Each line of the material below with the word "this" is to be reported.

++++++++++

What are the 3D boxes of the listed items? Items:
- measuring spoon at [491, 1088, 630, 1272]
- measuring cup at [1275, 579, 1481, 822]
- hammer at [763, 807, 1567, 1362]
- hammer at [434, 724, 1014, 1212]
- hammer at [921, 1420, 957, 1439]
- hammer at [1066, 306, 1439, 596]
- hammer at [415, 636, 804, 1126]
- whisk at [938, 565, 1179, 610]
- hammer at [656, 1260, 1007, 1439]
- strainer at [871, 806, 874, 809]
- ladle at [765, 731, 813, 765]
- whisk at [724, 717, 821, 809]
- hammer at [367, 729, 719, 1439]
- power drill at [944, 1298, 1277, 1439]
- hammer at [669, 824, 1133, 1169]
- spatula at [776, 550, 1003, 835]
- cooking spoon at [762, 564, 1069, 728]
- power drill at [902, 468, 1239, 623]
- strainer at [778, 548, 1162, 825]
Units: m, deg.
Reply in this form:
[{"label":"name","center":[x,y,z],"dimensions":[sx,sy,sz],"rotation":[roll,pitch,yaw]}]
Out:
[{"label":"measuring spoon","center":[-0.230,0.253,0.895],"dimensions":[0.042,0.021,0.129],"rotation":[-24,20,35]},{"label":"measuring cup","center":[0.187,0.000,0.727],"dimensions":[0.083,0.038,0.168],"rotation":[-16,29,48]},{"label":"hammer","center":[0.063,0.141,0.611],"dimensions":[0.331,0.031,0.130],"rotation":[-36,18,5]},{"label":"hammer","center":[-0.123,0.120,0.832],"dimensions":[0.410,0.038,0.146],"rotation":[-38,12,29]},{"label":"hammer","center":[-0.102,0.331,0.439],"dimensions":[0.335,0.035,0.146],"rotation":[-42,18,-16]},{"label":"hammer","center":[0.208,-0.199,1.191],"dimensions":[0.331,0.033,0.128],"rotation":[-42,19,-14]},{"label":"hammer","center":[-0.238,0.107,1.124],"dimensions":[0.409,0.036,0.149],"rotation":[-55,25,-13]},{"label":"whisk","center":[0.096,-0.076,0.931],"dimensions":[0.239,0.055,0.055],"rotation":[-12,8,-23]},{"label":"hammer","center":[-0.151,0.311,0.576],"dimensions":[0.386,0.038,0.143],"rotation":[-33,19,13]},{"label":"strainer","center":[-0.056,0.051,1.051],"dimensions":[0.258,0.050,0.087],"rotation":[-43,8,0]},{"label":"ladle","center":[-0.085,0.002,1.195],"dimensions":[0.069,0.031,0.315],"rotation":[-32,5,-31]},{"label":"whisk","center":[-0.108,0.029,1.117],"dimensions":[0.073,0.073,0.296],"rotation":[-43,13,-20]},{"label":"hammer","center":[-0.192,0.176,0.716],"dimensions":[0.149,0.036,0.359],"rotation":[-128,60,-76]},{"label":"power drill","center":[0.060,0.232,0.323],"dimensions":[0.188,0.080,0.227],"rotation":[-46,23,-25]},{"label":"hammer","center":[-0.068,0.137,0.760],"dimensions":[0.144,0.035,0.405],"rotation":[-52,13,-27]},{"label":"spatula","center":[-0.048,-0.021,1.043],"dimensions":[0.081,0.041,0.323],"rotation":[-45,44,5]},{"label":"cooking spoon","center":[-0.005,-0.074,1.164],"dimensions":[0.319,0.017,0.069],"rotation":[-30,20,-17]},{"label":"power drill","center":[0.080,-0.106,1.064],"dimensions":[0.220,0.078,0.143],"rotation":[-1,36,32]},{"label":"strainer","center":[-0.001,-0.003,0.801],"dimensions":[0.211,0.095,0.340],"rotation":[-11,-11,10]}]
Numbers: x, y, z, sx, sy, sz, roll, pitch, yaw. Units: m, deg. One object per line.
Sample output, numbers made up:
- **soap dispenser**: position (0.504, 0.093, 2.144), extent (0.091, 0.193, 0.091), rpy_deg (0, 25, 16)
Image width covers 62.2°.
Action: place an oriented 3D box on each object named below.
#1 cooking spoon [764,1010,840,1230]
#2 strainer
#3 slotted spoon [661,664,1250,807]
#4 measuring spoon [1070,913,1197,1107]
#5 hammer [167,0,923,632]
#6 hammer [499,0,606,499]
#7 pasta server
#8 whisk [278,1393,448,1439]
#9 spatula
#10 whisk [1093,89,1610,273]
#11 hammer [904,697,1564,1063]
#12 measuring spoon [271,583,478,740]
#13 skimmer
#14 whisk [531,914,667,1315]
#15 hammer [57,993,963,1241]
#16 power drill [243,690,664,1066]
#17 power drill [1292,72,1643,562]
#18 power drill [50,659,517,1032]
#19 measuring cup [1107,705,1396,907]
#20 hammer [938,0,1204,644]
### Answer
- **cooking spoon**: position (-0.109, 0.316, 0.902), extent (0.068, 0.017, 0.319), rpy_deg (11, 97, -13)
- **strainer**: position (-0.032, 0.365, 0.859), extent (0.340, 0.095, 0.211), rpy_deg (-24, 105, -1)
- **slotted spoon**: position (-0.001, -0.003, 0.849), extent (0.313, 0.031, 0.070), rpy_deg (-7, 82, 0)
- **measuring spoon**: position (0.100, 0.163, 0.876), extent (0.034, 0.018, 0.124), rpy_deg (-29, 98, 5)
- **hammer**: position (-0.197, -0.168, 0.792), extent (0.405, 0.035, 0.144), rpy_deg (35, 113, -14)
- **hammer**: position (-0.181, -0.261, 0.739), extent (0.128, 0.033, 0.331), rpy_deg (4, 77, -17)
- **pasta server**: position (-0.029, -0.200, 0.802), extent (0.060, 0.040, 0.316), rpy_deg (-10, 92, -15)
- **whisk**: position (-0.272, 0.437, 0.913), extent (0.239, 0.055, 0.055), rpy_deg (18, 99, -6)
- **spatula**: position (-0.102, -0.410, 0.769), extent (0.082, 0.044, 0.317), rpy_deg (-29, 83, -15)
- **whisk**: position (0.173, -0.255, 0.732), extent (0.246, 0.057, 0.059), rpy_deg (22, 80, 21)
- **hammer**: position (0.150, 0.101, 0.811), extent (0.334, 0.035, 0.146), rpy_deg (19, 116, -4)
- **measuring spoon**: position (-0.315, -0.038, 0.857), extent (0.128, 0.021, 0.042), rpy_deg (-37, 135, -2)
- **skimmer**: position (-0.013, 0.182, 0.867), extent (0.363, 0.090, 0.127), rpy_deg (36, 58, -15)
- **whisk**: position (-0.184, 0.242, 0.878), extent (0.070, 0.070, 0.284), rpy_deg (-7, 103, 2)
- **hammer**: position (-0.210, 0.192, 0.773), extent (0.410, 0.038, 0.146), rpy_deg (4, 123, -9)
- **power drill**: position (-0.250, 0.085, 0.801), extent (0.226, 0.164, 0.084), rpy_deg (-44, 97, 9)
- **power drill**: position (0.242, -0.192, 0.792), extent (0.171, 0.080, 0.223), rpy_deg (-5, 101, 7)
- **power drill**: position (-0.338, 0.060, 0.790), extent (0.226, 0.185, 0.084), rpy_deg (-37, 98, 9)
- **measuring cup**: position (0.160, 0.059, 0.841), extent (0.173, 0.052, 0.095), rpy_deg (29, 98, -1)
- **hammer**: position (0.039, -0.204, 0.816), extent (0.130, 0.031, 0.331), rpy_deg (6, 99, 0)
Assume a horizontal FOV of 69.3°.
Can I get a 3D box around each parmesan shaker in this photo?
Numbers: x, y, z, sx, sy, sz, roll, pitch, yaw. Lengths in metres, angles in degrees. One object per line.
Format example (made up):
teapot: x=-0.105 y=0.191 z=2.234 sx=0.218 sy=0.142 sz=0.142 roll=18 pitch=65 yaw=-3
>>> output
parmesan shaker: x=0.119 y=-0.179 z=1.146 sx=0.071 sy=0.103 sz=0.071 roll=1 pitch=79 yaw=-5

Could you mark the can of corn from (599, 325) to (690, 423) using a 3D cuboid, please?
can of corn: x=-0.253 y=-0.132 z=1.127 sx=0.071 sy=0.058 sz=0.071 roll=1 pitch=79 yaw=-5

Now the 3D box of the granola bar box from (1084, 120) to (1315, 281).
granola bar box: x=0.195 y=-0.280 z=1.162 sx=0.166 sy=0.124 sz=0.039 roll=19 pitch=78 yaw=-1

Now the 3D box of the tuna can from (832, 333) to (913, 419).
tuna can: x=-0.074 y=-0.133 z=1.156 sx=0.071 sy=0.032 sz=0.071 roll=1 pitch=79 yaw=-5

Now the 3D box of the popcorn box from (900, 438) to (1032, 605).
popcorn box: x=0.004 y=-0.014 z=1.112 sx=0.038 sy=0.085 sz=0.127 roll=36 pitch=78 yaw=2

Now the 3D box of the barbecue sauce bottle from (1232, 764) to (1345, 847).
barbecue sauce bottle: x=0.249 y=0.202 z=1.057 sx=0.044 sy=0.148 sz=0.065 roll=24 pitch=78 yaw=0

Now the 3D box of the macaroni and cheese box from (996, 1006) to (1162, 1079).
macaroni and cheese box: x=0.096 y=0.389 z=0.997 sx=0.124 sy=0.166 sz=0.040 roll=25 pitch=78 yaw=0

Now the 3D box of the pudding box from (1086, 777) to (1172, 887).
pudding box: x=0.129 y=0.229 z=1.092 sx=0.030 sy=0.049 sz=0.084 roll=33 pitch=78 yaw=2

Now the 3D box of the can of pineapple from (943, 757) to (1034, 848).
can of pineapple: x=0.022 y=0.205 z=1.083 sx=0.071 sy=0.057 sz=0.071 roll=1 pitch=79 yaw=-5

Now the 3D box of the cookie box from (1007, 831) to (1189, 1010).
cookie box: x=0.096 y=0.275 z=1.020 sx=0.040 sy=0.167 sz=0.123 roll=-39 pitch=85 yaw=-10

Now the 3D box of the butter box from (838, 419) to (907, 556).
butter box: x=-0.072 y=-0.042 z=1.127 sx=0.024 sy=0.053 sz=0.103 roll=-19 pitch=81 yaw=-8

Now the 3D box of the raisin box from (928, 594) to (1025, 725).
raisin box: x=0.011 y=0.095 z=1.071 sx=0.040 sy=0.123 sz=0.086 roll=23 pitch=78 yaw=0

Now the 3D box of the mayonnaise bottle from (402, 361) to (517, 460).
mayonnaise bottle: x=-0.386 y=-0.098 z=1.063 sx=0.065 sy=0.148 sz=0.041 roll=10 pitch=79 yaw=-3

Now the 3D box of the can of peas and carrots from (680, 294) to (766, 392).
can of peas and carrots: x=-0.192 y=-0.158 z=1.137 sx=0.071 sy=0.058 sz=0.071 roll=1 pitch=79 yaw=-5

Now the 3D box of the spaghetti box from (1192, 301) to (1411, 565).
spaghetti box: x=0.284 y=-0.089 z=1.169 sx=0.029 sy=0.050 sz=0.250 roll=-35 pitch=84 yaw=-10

++++++++++

FINAL ANSWER
Reply in this form:
Can I get a 3D box around each parmesan shaker in this photo?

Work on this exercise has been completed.